Which lines of the data below contain "volume"? Please show them all.

START LISTED RECORDS

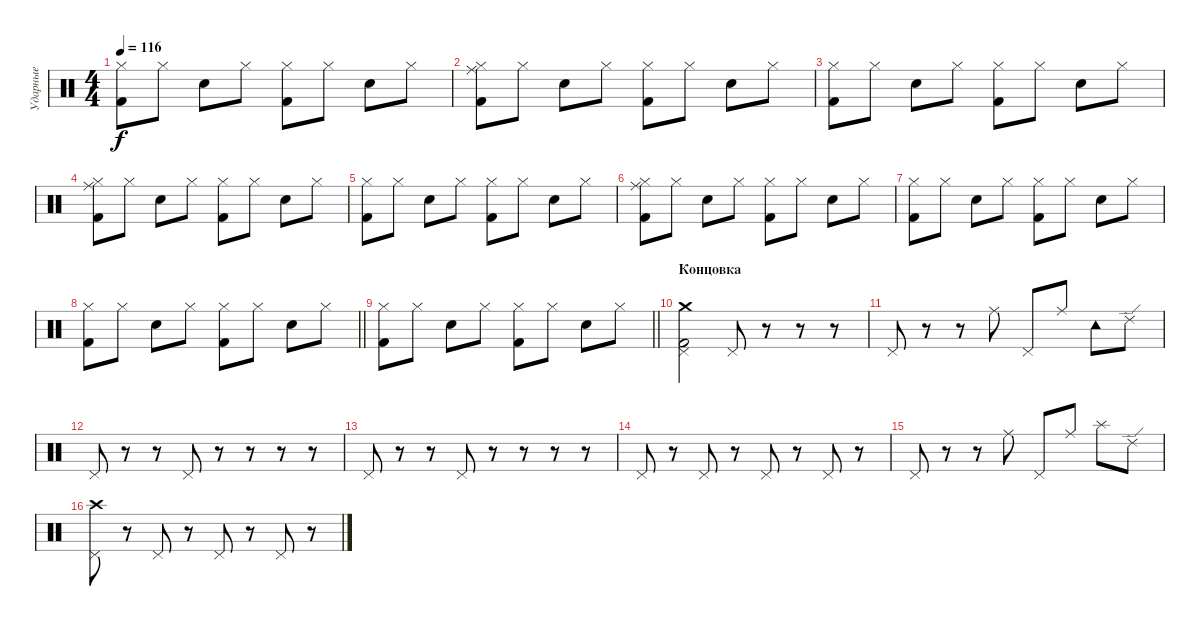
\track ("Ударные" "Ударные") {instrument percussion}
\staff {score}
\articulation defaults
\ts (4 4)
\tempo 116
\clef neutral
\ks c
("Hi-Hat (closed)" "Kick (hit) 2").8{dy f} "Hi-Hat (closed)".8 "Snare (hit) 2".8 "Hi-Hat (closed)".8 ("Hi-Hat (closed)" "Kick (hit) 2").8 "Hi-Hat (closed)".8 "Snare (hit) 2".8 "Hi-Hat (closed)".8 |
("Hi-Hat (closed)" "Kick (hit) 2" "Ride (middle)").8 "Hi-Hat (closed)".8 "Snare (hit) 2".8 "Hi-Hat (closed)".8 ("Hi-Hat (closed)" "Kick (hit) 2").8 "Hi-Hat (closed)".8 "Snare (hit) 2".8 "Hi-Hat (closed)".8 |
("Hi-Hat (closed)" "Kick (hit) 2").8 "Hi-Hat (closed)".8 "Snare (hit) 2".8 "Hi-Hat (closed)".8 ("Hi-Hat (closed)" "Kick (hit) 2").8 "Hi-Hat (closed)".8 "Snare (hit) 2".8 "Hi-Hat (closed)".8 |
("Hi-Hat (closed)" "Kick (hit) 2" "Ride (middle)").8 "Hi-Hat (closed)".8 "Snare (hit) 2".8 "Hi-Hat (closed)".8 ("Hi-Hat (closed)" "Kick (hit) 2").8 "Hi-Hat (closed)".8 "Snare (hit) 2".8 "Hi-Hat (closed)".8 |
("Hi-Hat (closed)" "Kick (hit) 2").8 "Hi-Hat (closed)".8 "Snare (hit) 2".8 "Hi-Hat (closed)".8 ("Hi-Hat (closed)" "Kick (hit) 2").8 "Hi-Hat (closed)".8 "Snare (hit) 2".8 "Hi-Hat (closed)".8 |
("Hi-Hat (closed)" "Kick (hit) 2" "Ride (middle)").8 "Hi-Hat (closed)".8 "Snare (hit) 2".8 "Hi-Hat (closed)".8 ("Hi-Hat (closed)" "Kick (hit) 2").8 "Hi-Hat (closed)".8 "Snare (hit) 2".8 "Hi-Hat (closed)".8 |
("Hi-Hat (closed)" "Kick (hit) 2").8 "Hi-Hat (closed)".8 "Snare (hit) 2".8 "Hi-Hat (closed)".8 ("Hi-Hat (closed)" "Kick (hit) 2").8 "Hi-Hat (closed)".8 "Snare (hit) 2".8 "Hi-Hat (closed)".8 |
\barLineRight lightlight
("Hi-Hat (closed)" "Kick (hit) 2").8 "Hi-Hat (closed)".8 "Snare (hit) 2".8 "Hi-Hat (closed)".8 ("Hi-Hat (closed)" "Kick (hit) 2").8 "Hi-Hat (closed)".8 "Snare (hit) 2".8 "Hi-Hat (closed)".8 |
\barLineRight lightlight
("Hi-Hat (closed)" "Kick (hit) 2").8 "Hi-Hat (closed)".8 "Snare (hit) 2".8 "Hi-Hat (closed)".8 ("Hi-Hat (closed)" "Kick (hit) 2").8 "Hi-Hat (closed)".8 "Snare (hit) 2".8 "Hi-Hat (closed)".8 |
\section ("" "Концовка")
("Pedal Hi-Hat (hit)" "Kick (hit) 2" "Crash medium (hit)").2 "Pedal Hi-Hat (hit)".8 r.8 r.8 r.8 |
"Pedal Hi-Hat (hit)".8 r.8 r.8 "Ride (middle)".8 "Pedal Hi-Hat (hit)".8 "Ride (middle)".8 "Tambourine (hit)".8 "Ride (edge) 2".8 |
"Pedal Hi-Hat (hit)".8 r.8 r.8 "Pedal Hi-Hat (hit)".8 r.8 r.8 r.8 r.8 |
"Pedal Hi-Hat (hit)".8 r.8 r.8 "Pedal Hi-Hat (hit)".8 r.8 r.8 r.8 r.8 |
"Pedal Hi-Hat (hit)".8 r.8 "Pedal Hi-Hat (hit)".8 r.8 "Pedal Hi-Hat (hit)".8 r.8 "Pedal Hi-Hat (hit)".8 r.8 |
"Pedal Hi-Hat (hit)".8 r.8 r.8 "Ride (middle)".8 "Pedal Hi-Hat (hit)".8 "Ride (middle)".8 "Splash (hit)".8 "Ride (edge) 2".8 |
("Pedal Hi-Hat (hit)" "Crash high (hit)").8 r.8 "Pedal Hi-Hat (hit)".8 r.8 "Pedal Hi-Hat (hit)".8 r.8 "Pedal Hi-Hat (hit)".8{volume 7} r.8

END LISTED RECORDS
START LISTED RECORDS

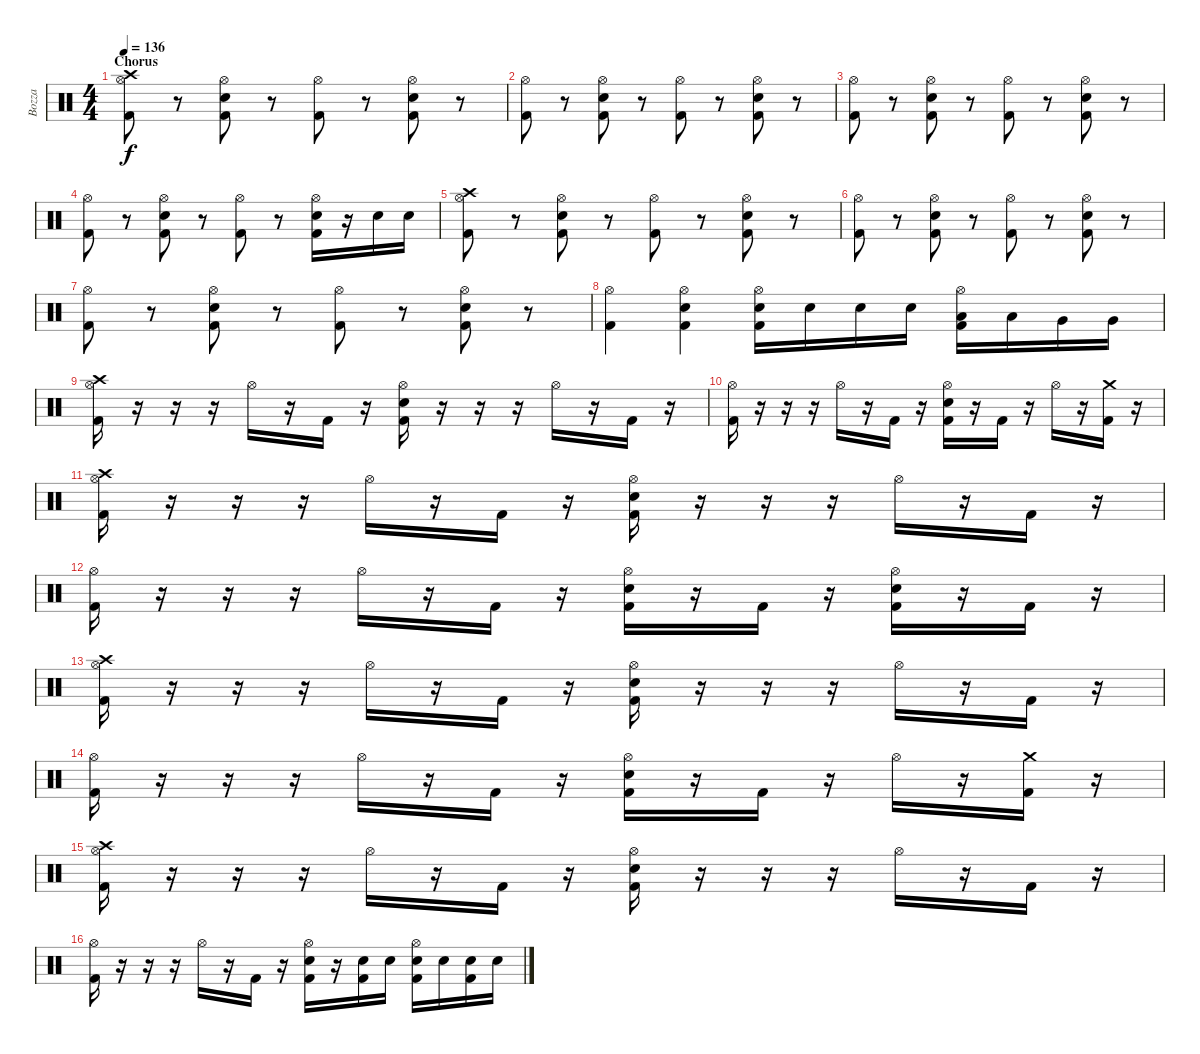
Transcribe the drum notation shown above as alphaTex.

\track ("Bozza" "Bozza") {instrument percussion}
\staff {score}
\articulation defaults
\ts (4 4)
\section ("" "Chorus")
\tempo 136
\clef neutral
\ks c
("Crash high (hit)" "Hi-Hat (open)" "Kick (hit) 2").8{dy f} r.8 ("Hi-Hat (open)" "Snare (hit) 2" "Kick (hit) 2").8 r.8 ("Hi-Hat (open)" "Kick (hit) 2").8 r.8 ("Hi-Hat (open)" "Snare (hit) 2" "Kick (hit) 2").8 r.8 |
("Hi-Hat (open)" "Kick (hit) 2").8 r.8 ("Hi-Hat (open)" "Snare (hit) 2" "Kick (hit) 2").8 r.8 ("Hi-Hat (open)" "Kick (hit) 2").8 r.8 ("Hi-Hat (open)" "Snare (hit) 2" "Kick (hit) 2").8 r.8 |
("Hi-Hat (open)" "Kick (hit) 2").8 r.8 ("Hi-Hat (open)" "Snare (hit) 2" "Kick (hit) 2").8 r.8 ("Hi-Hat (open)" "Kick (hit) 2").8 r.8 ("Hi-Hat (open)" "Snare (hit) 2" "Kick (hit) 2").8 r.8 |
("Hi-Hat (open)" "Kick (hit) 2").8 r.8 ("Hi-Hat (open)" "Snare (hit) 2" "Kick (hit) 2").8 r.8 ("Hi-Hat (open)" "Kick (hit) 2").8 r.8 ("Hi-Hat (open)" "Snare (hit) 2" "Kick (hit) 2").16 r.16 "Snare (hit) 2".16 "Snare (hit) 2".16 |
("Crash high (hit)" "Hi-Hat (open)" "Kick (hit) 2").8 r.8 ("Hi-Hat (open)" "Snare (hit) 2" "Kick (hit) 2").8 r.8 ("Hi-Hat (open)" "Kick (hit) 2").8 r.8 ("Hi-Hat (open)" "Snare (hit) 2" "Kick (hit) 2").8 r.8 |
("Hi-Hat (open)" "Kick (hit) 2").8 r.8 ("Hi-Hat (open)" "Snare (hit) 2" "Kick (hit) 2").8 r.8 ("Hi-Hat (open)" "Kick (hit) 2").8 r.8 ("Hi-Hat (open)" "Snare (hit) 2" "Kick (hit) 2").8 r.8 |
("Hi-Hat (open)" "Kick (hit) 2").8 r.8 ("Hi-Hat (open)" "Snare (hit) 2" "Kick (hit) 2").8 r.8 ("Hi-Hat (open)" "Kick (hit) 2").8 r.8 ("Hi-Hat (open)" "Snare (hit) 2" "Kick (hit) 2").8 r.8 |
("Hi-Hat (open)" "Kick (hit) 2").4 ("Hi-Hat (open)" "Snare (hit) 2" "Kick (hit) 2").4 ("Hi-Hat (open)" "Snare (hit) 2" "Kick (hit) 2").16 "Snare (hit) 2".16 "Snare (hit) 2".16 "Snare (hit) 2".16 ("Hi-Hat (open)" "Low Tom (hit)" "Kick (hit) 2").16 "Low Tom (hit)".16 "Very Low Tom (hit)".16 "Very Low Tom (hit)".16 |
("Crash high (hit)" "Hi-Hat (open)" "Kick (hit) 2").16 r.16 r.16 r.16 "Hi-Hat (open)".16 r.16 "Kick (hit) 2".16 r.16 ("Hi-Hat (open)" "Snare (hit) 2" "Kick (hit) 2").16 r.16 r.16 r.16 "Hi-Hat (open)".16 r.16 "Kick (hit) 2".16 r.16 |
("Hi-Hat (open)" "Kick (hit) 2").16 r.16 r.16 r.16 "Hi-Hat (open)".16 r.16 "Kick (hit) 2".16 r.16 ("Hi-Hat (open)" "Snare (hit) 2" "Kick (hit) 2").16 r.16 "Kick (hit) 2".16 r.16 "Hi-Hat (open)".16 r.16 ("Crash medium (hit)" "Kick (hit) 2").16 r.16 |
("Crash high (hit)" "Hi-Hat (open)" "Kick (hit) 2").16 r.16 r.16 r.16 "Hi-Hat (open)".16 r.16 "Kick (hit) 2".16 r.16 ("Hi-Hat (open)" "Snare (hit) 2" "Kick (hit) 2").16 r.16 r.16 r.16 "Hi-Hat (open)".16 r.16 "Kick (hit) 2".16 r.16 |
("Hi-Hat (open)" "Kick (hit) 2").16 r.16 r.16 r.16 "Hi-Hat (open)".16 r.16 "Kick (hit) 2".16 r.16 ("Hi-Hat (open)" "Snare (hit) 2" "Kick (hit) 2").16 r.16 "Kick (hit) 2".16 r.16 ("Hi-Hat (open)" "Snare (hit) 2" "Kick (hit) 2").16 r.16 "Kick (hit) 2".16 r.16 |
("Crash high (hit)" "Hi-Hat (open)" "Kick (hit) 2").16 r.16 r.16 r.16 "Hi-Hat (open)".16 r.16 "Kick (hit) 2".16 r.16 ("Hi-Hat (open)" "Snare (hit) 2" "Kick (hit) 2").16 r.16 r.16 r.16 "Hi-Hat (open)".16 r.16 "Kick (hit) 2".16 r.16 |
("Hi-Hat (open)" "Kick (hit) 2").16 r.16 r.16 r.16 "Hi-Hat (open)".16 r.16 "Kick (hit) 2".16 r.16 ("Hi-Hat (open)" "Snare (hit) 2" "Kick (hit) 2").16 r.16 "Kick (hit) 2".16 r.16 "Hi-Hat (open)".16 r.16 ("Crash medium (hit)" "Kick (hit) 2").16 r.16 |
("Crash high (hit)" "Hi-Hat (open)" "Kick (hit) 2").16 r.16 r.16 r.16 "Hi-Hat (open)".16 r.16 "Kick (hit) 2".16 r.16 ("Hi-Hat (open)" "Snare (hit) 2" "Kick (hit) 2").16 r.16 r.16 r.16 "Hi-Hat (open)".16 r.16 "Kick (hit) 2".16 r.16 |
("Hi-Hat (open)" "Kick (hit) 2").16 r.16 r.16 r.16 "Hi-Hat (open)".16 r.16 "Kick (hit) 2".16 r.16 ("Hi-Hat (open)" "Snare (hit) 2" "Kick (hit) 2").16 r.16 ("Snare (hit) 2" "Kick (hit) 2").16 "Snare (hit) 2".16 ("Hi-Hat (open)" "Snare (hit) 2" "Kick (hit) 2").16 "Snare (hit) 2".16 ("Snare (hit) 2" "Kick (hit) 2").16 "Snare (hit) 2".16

END LISTED RECORDS
START LISTED RECORDS

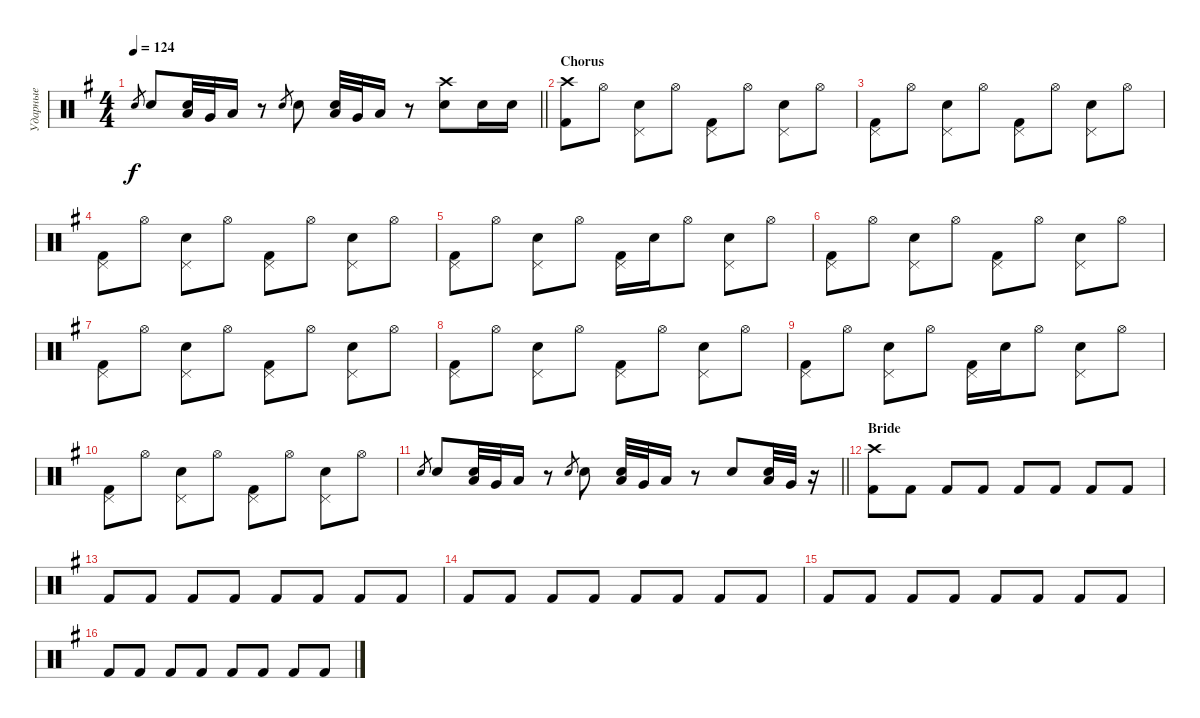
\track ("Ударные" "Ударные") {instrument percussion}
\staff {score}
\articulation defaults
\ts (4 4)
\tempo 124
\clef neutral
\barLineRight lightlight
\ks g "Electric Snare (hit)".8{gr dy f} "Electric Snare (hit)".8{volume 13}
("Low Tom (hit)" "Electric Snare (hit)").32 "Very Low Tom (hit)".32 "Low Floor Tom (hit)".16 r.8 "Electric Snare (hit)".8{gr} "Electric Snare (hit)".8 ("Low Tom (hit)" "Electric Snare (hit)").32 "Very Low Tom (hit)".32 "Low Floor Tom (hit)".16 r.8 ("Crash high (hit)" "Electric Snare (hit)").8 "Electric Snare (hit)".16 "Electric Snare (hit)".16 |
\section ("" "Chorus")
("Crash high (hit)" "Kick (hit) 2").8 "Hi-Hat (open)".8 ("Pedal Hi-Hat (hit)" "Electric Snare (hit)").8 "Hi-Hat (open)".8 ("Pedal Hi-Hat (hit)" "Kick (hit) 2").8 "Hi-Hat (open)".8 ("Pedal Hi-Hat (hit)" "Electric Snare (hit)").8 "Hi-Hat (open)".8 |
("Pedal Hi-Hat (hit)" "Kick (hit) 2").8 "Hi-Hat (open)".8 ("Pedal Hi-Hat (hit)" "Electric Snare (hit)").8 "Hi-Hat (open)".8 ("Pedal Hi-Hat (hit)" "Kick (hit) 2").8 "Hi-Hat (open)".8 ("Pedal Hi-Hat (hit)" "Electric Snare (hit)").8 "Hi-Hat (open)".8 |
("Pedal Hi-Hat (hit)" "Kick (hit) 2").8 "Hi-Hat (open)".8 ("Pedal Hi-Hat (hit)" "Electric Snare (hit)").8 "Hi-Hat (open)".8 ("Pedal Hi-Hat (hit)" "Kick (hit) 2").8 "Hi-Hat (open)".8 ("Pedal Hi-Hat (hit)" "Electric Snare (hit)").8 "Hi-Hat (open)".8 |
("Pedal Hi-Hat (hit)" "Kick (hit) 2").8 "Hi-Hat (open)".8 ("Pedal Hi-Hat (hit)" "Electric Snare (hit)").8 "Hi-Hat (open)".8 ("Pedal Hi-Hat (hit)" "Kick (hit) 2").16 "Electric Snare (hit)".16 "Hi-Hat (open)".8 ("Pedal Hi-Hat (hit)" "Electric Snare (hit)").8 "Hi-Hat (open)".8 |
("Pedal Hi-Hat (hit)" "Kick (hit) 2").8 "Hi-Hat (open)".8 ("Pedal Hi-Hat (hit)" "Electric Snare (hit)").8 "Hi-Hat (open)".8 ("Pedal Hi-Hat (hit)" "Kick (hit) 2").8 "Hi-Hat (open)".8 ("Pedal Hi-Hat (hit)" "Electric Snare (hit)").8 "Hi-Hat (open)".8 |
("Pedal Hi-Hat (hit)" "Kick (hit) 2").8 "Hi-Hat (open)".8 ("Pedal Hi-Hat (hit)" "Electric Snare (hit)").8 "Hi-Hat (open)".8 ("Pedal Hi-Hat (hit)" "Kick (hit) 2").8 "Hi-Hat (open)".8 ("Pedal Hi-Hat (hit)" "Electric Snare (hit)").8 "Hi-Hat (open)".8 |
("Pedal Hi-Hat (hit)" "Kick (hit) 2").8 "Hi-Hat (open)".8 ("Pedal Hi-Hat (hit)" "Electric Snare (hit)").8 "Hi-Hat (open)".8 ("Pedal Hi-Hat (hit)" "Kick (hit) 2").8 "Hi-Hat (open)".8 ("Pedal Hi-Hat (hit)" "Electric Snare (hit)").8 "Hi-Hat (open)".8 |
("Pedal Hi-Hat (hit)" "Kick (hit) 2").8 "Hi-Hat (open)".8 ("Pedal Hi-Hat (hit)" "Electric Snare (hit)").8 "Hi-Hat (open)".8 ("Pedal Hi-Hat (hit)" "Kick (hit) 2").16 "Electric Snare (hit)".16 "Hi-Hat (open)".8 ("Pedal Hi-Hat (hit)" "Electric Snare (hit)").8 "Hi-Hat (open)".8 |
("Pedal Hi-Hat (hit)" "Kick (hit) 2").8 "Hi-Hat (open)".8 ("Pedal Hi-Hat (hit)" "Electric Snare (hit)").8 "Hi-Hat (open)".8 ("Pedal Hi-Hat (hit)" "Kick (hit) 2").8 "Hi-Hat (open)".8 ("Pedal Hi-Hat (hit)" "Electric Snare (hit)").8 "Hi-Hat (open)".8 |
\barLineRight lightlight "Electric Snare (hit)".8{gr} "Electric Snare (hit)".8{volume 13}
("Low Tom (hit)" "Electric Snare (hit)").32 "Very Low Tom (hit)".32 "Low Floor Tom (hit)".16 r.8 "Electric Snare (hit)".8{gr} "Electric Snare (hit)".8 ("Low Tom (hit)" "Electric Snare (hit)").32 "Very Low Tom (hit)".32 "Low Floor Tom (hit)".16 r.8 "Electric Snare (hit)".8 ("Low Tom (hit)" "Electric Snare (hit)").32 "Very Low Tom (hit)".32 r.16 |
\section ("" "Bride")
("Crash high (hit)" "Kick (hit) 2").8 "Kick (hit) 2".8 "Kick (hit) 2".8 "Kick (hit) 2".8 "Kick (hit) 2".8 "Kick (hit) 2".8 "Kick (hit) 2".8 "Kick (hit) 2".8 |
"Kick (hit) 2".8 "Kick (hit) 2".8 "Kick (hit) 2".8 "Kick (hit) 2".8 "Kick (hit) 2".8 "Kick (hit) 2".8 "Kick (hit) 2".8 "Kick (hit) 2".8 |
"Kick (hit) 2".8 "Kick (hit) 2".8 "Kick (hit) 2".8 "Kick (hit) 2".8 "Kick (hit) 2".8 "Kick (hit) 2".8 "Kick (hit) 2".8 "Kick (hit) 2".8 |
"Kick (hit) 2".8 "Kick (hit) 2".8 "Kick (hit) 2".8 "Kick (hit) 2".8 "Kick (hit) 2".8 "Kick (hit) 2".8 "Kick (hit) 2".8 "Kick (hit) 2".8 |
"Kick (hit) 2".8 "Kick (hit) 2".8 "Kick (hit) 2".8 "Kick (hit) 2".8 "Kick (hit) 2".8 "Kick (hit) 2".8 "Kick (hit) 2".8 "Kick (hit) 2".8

END LISTED RECORDS

**WRITTEN ANSWER:**
("Pedal Hi-Hat (hit)" "Crash high (hit)").8 r.8 "Pedal Hi-Hat (hit)".8 r.8 "Pedal Hi-Hat (hit)".8 r.8 "Pedal Hi-Hat (hit)".8{volume 7} r.8
\ks g "Electric Snare (hit)".8{gr dy f} "Electric Snare (hit)".8{volume 13}
\barLineRight lightlight "Electric Snare (hit)".8{gr} "Electric Snare (hit)".8{volume 13}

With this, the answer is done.